Coagulation and COVID-19
Thromboinflammation
The concept of “thromboinflammation” means the activation of coagulation and thrombin generation as a result of systemic inflammatory responses induced by host defense system activation in the setting of viral, bacterial, or fungal infections and malignancies [9, 10]. The activation of coagulation in the setting of infection is a complicated multi-pathway process through extensive crosstalk pathways. When exposed to injury or infection, monocytes and subendothelial cells are activated and tissue factors are released to the blood, which triggers the generation of factor VIIa, factor Xa, and thrombin and plays a central role between the inflammation and coagulation pathways [11]. Proinflammatory cytokines and procoagulant microparticles are released by leukocytes, platelets and endothelial cells, promoting the upregulation of leukocytes adhesion molecules and suppression of vasculo-protective molecules [12]. These products ultimately promote the recruitment, adhesion and activation of platelets and leukocytes by forming neutrophil extracellular traps, which further recruit inflammatory leukocytes and promotes clotting and cytokine release [10, 12]. Disseminated intravascular coagulation (DIC) occurs when the localized adaptive hemostasis loses control and progresses into diffused microvasculature damage and subsequently, multiorgan failure [13].
It is important to note that although many COVID-19 patients do meet criteria for DIC or sepsis-induced coagulopathy (SIC) based on the International Society on Thrombosis and Haemostasis (ISTH) scoring systems [14], the coagulation parameters in COVID-19 differ from one seen in typical DIC [15]. The coagulopathy in COVID-19 presents with prominent elevation of d-dimer and fibrinogen degradation product (FDP) higher than what seen in SIC, while the hallmarks of decreased fibrinogen and profound thrombocytopenia in DIC are lacking [10, 15, 16]. Bleeding complications also appear to be uncommon in COVID-19 [15]. Increased level of proinflammatory cytokines, such as tumor necrosis factor-α (TNF-α), interleukin-1 (IL-1) and IL-6 are associated with severe COVID-19 [17]. IL-6 is a potent driver for tissue factor expression. TNF-α and IL-1 further mediate the suppression of endogenous anticoagulant pathways [15]. Although not fully understood at the moment, the coagulopathy in COVID-19 appears to be linked to the extensive inflammatory responses leading to endothelial damage and significant activation of the fibrinolytic system [10, 15]. The coagulation proteins FXa and FIIa interact with SARS-CoV-2 Spike protein and induce conformal changes, which facilitate viral entry (infectivity). Hence anticoagulation especially during the early phase of viremia might inhibit SARS-CoV-2 replication [18].

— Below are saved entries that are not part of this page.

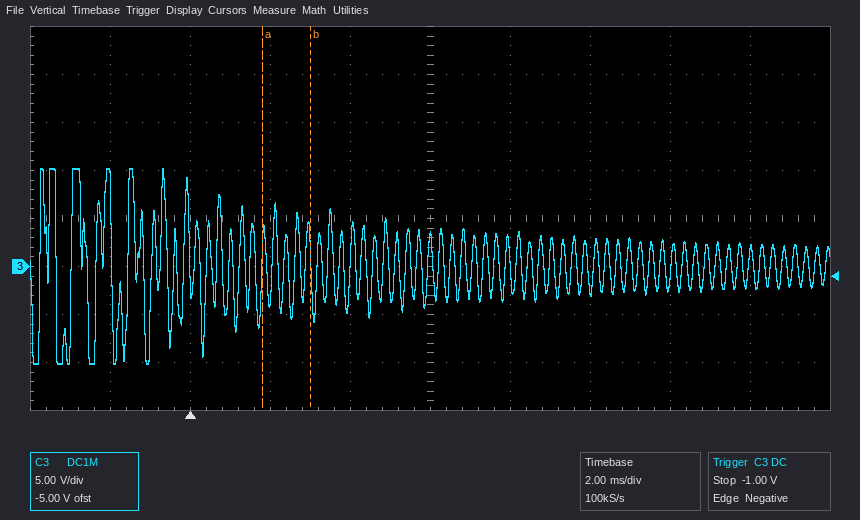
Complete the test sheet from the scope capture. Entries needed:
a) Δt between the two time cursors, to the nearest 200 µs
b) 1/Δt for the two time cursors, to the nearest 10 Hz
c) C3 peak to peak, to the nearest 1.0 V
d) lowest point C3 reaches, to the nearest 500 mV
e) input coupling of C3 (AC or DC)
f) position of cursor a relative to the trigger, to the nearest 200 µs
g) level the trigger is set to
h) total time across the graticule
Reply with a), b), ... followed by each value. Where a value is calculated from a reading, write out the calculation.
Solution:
a) 1.2 ms
b) 1 / 1.2 ms ≈ 830 Hz
c) 20.0 V
d) -10.0 V
e) DC
f) +1.8 ms
g) -1.00 V
h) 20 ms
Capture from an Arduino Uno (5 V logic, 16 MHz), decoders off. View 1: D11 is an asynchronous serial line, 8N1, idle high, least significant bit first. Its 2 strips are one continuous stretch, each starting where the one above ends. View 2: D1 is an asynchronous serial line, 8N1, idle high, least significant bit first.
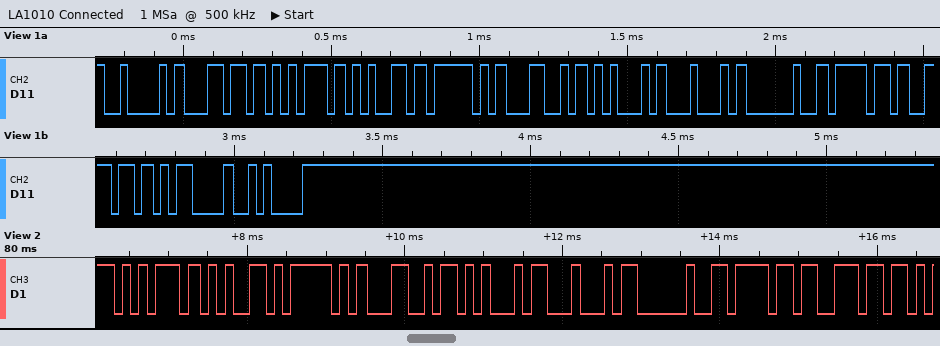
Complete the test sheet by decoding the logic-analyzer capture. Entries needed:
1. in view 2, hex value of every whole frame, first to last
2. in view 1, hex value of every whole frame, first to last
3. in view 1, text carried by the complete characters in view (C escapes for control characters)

0x75 0x65 0x5F 0x4C 0x45 0x44 0x20 0x6F 0x6E
42 6C 75 65 5F 4C 45 44 20 6F 6E 0D 0A
"Blue_LED on\r\n"
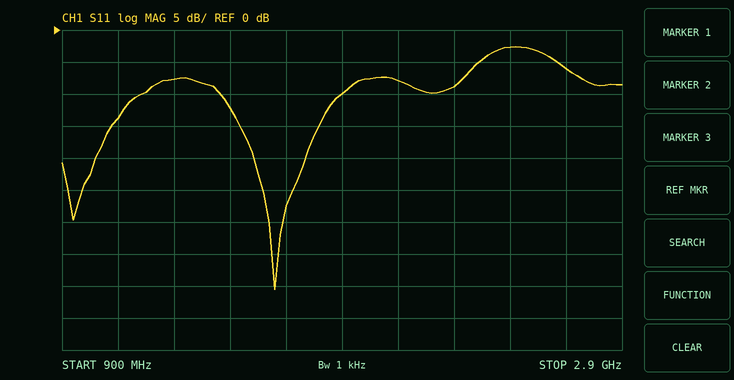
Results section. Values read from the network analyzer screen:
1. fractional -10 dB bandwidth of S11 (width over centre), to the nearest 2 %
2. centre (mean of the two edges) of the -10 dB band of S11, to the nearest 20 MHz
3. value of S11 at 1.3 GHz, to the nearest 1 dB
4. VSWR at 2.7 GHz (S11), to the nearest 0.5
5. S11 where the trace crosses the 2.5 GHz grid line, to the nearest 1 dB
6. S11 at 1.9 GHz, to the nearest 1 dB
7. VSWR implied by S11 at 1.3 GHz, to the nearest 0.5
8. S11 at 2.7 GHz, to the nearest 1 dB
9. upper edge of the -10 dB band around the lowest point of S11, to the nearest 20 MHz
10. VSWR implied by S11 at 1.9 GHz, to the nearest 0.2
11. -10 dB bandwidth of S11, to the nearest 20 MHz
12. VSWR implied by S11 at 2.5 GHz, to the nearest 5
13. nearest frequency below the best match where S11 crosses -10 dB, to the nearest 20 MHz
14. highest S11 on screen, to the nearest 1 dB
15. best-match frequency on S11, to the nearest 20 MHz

26 %
1.68 GHz
-8 dB
3.0
-3 dB
-10 dB
2.5
-6 dB
1.90 GHz
2.0
440 MHz
5
1.46 GHz
-3 dB
1.66 GHz
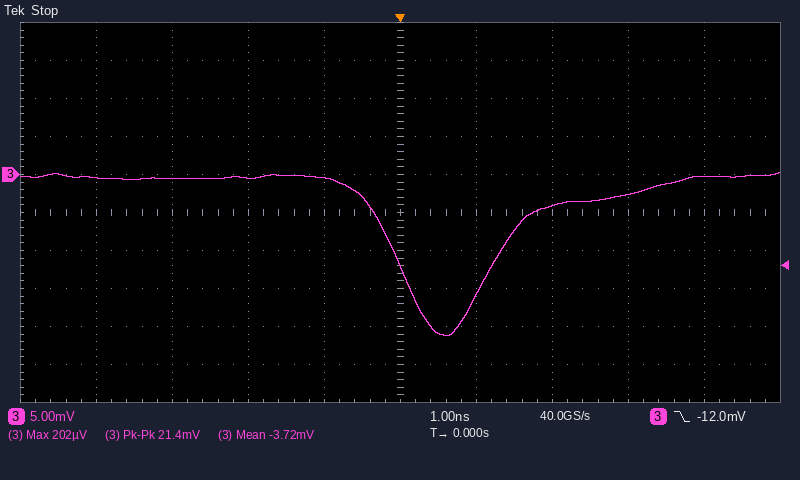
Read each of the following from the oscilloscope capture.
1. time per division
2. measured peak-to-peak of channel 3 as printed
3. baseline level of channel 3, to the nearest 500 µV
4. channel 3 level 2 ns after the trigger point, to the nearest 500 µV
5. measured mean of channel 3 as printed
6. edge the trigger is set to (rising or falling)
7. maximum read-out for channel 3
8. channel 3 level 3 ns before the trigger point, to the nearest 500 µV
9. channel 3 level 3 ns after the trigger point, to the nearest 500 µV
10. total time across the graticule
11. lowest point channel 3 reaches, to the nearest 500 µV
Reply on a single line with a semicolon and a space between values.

1 ns; 21.4 mV; -500 µV; -4.0 mV; -3.72 mV; falling; 202 µV; -500 µV; -2.5 mV; 10 ns; -21.0 mV
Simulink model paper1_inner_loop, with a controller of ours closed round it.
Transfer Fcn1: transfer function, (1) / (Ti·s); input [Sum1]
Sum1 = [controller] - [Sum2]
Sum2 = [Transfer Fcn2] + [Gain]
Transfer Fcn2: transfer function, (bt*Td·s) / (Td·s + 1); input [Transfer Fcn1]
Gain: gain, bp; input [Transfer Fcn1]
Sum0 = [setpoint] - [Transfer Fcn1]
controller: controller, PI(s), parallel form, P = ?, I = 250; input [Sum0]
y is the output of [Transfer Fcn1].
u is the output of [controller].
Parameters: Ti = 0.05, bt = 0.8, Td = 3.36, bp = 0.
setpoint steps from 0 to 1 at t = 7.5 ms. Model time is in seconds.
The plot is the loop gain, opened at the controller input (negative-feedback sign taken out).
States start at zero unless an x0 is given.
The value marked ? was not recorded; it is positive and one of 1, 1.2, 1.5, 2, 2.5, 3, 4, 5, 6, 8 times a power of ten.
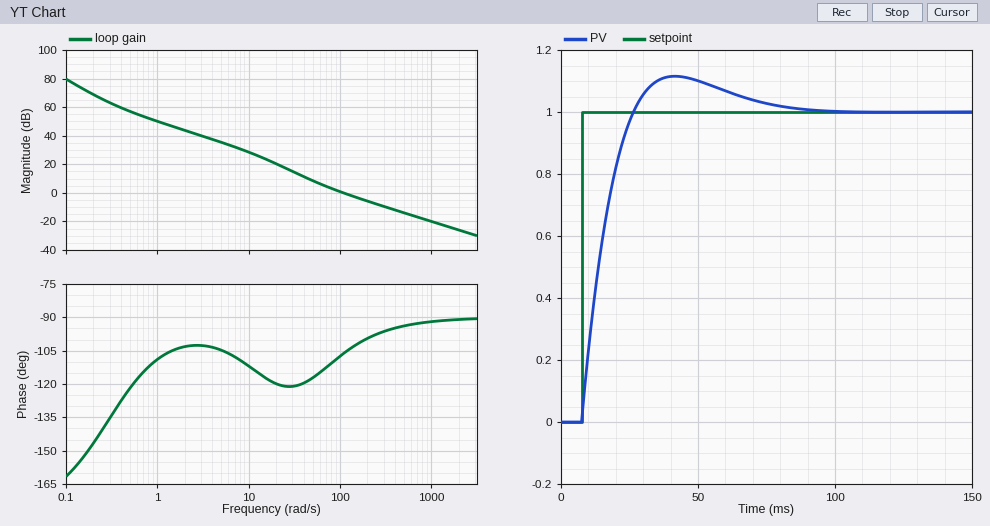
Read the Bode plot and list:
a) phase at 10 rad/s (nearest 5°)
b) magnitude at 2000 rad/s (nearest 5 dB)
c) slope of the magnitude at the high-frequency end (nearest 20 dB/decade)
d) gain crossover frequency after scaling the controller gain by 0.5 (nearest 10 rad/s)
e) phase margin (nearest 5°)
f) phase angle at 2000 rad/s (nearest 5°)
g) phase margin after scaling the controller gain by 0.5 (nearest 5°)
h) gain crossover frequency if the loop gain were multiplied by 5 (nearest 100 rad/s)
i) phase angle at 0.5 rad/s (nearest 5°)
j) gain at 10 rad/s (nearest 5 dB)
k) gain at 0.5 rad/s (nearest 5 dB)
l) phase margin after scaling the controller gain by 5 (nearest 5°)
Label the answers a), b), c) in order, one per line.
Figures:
a) -110°
b) -25 dB
c) -20 dB/decade
d) 60 rad/s
e) 75°
f) -90°
g) 65°
h) 500 rad/s
i) -120°
j) 30 dB
k) 55 dB
l) 85°
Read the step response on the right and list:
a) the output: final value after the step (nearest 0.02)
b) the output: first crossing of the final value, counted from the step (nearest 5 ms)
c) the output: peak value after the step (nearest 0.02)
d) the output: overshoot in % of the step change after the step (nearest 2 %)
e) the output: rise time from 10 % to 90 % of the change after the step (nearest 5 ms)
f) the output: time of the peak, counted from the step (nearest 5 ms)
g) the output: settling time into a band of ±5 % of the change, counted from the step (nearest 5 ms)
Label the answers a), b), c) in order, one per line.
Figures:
a) 1.00
b) 20 ms
c) 1.12
d) 12 %
e) 15 ms
f) 35 ms
g) 60 ms
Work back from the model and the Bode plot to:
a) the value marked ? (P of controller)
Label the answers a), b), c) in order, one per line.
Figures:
a) 5
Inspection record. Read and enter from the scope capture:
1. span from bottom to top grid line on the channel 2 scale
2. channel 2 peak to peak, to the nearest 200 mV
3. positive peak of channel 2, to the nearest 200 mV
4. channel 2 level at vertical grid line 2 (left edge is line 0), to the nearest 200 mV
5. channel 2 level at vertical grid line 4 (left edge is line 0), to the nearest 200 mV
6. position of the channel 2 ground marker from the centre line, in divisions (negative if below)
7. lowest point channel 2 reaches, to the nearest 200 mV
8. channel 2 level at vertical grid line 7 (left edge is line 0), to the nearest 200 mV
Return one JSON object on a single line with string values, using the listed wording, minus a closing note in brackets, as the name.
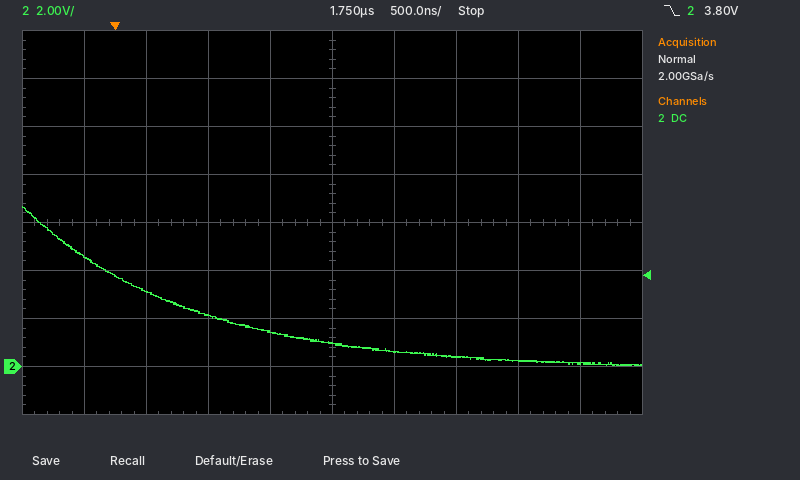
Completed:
{"span from bottom to top grid line on the channel 2 scale": "16 V", "channel 2 peak to peak, to the nearest 200 mV": "6.6 V", "positive peak of channel 2, to the nearest 200 mV": "6.6 V", "channel 2 level at vertical grid line 2 (left edge is line 0), to the nearest 200 mV": "3.2 V", "channel 2 level at vertical grid line 4 (left edge is line 0), to the nearest 200 mV": "1.4 V", "position of the channel 2 ground marker from the centre line, in divisions": "-3.0 div", "lowest point channel 2 reaches, to the nearest 200 mV": "0.0 V", "channel 2 level at vertical grid line 7 (left edge is line 0), to the nearest 200 mV": "400 mV"}

Endothelial dysfunction and thrombotic microangiopathy
SARS-CoV-2 uses angiotensin-converting enzyme-2 (ACE2) as a cell receptor to invade human cells. ACE2 is ubiquitously expressed in airway endothelial cells and also vascular endothelial cells [19]. Aside from the systemic inflammatory response, evidence also supports direct SARS-CoV-2 invasion to the vasculature. Monteil et al. demonstrated that SARS-CoV-2 could directly infect engineered human blood vessel organoids and human kidney organoids [20]. Autopsy of the lungs of severe COVID-19 patients showed severe endothelial injury associated with the presence of the intracellular virus and disrupted cell membranes [21]. Post-mortem analysis revealed viral inclusion structures, prominent endothelialitis, and apoptotic bodies in the vascular beds of several organs, including the kidney, heart, lung, and intestine [19]. The vascular endothelium is the principal organ in maintaining vascular tone and vascular homeostasis. The direct viral involvement and the profound host inflammatory response in COVID-19 cause endothelial dysfunction, which leads to inflammation with tissue edema and further triggers a prothrombotic state [22]. This correlates closely with the clinical observation that patients with chronic comorbidities which are associated with pre-existing endothelial dysfunctions, i.e. hypertension, diabetes, obesity, cardiovascular disease, chronic kidney disease, are at an increased risk for severe COVID-19 infection and adverse outcomes [23, 24].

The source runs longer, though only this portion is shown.